季向阳教授邀请南加州大学C.-C. Jay Kuo教授做特邀报告。
Dr. C.-C. Jay Kuo received his Ph.D. degree from the Massachusetts Institute of Technology in 1987. He is now with the University of Southern California (USC) as Director of the Media Communications Laboratory and Distinguished Professor of Electrical Engineering and Computer Science. His research interests are in the areas of media processing, compression and understanding. Dr. Kuo was the Editor-in-Chief for the IEEE Trans. on Information Forensics and Security in 2012-2014. Dr. Kuo is a Fellow of AAAS, IEEE and SPIE. He has guided 150 students to their Ph.D. degrees and supervised 29 postdoctoral research fellows. Dr. Kuo is a co-author of 280 journal papers, 920 conference papers and 14 books. Dr. Kuo received the 2016 IEEE Computer Society Taylor L. Booth Education Award, the 2016 IEEE Circuits and Systems Society John Choma Education Award, the 2016 IS&T Raymond C. Bowman Award, the 2017 IEEE Leon K. Kirchmayer Graduate Teaching Award, the 2017 IEEE Signal Processing Society Education Award, and the 2019 IEEE Computer Society Edward J. McCluskey Technical Achievement Award.

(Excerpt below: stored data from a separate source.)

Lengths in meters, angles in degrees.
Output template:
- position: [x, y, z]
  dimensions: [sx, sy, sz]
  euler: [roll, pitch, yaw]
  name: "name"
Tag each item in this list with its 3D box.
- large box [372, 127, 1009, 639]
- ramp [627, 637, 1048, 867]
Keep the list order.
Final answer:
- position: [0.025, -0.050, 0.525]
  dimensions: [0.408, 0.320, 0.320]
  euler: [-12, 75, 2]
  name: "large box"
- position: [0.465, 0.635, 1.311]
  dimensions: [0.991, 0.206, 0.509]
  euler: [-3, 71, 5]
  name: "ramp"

Given a convolutional neural network (CNN) architecture, its network parameters are typically determined by backpropagation (BP). The underlying mechanism remains to be a black-box after a large amount of theoretical investigation. In this talk, I will first describe a new interpretable feedforward (FF) design with the LeNet-5 as an example. The FF-designed CNN is a data-centric approach that derives network parameters based on training data statistics layer by layer in a one-pass feedforward manner. To build the convolutional layers, we develop a new signal transform, called the Saab (Subspace approximation with adjusted bias) transform. The bias in filter weights is chosen to annihilate nonlinearity of the activation function. To build the fully-connected (FC) layers, we adopt a label-guided linear least squared regression (LSR) method. To generalize the FF design idea furthermore, we present the notion of “successive subspace learning (SSL)” and present a couple of concrete methods for image and point cloud classification. Experimental results are given to demonstrate the competitive performance of the SSL-based systems. Similarities and differences between SSL and deep learning (DL) are compared.